Wie entsteht ein Reithelm?

Ein Blick in die Produktion eines Reithelms

Foto: Lisa Rädlein CAVALLO So entsteht ein Reithelm

Fotostrecke

Wissen Sie, wie viele Einzelteile in einem Reithelm stecken? Wir waren bei der Helm-Produktion dabei.

Statt in der Reithelm-Fabrik sind wir versehentlich im Süßwarenladen gelandet. Zumindest scheint es so: Boxen mit quietschbunten Kügelchen reihen sich in den Regalen aneinander. Von zuckersüßem Pink über Lila bis Knallblau ist alles dabei. Der farbenfrohe Inhalt soll Kinder und Erwachsene aber nicht nur froh, sondern auch sicher machen, essbar sind die Kügelchen nicht. Sie bestehen aus Kunststoff, der zu Helmen gegossen wird. Ist Knallbunt also bald Trend auf Reiterköpfen?

Das Rätsel ist schnell gelöst: Nein! Für Reiter bleibt es meist beim klassischen Braun, Schwarz oder Blau. Grellbunter Kunststoff ist vor allem auf der Skipiste gefragt – und Reithelmhersteller Uvex, den wir heute besuchen, produziert im Werk im bayerischen Lederdorn auch Helme für Winter- und Radsport.

So entsteht ein Reithelm bei Uvex

Wir wollen aber natürlich vor allem wissen, wie Reithelme entstehen, die Uvex seit 2008 fertigt. Hier in Lederdorn entstehen die Modelle „Perfexxion“ und „Suxxeed“ in verschiedenen Varianten. Die Modelle „Exxential“ und „Onyxx“ werden im Schwesterwerk in Tschechien gefertigt.
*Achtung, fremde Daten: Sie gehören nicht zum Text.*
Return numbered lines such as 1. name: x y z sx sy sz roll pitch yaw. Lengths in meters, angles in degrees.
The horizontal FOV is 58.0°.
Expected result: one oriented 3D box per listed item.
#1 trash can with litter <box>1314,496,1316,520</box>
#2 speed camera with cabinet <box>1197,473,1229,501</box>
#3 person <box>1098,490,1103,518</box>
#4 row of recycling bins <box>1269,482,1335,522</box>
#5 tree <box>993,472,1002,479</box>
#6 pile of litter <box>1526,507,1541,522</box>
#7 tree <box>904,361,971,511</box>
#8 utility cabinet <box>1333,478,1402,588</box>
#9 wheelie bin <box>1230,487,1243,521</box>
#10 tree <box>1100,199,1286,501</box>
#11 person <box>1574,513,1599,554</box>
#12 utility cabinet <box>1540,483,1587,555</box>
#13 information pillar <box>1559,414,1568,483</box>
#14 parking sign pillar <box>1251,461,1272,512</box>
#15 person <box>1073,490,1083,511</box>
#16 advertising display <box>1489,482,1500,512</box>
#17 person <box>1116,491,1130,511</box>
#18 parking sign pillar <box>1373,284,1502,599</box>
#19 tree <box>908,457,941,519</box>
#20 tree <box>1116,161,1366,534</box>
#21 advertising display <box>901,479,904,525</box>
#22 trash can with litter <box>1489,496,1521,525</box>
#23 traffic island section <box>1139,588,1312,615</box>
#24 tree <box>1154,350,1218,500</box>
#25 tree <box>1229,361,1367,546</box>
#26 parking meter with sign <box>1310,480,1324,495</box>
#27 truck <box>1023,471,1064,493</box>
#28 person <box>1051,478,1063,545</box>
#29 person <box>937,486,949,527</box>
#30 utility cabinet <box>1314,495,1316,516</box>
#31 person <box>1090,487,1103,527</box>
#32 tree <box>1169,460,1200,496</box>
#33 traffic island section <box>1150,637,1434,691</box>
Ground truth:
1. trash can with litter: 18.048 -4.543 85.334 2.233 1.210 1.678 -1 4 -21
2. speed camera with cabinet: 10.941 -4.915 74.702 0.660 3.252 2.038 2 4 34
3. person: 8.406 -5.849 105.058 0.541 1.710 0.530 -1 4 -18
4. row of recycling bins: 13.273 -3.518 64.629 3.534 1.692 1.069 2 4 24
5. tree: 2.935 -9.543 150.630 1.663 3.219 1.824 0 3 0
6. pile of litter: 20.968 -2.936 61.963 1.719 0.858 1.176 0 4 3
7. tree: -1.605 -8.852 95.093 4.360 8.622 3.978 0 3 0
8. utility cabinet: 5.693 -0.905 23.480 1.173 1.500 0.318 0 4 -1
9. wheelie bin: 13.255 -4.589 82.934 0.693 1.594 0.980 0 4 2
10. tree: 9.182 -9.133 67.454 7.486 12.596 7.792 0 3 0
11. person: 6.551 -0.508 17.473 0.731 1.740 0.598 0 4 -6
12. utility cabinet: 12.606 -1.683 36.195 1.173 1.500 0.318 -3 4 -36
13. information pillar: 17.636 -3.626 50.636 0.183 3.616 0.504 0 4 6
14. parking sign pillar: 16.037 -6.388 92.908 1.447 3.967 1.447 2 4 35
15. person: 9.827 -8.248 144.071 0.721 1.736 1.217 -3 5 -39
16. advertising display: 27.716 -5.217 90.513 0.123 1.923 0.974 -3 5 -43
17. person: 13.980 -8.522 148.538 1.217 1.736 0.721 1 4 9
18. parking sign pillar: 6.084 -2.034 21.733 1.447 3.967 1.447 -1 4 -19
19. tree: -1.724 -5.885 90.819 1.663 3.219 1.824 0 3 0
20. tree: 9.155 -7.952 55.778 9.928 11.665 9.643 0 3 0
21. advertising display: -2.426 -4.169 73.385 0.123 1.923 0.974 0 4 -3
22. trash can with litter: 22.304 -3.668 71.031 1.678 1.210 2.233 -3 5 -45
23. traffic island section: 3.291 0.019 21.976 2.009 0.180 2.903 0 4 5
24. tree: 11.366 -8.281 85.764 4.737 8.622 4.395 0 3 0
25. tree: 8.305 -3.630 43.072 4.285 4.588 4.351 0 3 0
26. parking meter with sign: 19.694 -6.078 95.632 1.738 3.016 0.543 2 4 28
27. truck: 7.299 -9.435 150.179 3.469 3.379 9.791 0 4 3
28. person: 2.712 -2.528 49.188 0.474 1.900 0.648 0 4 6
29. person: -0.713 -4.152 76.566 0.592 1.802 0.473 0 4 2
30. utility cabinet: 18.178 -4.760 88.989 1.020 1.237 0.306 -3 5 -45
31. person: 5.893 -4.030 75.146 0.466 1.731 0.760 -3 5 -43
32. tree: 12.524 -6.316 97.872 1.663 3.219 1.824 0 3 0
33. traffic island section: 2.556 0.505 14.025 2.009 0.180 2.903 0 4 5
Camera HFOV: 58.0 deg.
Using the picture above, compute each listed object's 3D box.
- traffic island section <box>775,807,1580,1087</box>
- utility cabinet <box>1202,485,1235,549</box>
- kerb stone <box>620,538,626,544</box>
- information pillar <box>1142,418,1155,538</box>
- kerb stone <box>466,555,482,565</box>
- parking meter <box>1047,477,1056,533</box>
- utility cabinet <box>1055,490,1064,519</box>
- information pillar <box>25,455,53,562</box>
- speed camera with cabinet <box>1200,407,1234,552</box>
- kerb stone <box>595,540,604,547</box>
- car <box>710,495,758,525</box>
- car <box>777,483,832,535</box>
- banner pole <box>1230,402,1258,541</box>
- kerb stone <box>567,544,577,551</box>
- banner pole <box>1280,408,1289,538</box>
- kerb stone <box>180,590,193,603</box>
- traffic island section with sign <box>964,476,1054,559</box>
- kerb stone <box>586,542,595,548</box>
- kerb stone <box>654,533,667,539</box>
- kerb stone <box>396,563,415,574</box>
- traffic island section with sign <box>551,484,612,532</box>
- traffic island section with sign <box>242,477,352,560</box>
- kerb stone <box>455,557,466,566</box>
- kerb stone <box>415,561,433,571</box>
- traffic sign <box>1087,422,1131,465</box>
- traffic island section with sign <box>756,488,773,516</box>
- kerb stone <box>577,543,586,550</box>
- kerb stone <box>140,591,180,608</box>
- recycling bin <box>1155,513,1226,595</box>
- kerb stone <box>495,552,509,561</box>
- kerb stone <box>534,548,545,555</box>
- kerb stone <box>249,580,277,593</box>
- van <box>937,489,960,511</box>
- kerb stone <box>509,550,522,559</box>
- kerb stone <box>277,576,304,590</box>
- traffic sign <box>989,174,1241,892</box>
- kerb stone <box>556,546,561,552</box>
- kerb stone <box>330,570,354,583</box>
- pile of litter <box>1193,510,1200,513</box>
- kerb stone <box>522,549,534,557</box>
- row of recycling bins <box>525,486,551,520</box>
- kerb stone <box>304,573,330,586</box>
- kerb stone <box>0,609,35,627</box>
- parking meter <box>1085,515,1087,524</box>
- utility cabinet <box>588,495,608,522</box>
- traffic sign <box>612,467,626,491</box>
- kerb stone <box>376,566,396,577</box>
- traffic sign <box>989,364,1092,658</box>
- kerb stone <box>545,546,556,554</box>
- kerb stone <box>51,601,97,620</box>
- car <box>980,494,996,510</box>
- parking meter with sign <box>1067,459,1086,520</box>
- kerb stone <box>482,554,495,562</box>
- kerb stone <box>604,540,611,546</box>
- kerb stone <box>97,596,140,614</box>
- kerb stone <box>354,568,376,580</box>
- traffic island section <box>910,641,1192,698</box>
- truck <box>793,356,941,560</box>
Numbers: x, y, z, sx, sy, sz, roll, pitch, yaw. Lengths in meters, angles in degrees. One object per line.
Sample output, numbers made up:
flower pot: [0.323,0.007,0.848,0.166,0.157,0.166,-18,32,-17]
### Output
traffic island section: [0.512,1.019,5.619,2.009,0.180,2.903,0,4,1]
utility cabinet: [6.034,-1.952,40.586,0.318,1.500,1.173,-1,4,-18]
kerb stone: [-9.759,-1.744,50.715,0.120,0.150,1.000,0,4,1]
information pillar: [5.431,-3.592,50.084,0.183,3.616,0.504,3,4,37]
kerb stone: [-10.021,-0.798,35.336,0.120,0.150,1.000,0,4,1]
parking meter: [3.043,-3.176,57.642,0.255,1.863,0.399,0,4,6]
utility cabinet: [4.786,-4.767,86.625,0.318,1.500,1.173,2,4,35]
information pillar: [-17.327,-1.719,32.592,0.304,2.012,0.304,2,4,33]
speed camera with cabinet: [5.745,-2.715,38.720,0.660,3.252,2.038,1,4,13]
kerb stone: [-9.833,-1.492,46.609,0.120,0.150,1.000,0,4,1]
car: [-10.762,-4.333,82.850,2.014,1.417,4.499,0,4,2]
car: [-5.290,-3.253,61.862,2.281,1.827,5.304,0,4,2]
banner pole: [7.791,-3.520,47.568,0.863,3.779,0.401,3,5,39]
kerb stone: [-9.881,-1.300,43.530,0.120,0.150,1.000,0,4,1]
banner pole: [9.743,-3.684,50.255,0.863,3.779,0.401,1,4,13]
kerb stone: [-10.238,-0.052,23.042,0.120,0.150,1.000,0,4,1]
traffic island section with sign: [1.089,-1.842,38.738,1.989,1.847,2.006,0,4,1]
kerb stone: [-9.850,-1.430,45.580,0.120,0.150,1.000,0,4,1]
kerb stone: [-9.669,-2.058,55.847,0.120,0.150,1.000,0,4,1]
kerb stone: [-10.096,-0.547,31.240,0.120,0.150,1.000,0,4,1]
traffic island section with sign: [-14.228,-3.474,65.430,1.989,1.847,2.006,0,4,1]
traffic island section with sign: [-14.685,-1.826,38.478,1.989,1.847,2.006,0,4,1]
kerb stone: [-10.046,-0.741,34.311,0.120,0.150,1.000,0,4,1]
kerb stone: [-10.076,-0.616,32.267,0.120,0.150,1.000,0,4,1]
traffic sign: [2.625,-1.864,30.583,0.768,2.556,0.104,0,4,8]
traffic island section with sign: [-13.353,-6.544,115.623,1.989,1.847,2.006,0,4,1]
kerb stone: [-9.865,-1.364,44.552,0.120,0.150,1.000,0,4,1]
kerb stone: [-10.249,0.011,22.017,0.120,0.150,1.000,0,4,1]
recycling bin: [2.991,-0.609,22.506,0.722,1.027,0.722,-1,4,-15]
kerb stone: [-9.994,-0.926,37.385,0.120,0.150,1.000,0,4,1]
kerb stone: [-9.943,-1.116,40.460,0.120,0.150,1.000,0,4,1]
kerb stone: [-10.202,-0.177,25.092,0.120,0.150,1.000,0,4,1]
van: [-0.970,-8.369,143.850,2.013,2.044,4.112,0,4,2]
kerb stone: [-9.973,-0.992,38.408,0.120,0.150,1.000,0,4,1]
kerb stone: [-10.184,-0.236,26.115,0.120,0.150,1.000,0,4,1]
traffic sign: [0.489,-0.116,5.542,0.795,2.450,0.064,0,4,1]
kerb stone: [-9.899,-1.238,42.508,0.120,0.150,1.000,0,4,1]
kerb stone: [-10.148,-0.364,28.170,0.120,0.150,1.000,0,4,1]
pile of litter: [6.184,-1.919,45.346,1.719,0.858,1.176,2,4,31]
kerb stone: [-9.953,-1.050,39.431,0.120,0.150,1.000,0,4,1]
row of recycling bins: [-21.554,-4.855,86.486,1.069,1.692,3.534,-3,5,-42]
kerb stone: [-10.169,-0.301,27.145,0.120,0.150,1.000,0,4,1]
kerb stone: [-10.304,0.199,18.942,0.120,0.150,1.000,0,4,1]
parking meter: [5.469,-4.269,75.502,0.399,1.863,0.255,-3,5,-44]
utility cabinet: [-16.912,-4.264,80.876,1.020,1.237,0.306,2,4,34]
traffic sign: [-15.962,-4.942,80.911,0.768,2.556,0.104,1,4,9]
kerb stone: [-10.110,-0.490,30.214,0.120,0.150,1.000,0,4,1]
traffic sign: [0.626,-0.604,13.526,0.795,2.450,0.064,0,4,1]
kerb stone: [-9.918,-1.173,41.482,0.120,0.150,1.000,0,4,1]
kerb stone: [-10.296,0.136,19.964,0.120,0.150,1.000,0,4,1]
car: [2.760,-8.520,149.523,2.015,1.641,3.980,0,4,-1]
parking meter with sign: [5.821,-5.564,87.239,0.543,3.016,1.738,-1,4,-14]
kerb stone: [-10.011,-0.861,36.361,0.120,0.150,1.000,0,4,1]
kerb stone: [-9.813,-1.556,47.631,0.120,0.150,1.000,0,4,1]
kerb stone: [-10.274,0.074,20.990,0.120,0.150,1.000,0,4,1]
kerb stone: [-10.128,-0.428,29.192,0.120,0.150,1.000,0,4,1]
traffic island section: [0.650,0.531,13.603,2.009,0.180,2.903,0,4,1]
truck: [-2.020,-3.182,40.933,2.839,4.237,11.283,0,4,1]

Falk Pewestorf, Geschäftsführer der Uvex Sports Group, greift sich eine handvoll schokoladenbrauner Kunststoff-Kügelchen, die zartschmelzend zum Reithelm werden sollen. „Die werden erhitzt, verflüssigt und dann zur Außenschale für den Helm gegossen“, erklärt er.

Schwere Metallblöcke werden zur Gussform

Das passiert in der Kunststoffspritzerei der Helm-Fabrik. Aus dem farbenfrohen Wunderland kommend, betreten wir nun die Welt der Maschinen. 15 bis zu 420 Tonnen schwere Spritzgussmaschinen arbeiten auf rund 800 Quadratmetern Produktionsfläche. Die groben Formen für die Helmschale und Kleinteile bekommt Uvex schon fertig in Metallblöcke gefräst geliefert. Der Feinschliff für die Formen aus Metall folgt in der Helm-Fabrik.

Passen die Formen, wird der erhitzte, flüssige Kunststoff eingespritzt. Der Deckel der Form schließt sich. Ist der Kunststoff wieder erkaltet, heben Robotergreifer die fertigen Teile des Helms aus den Formen.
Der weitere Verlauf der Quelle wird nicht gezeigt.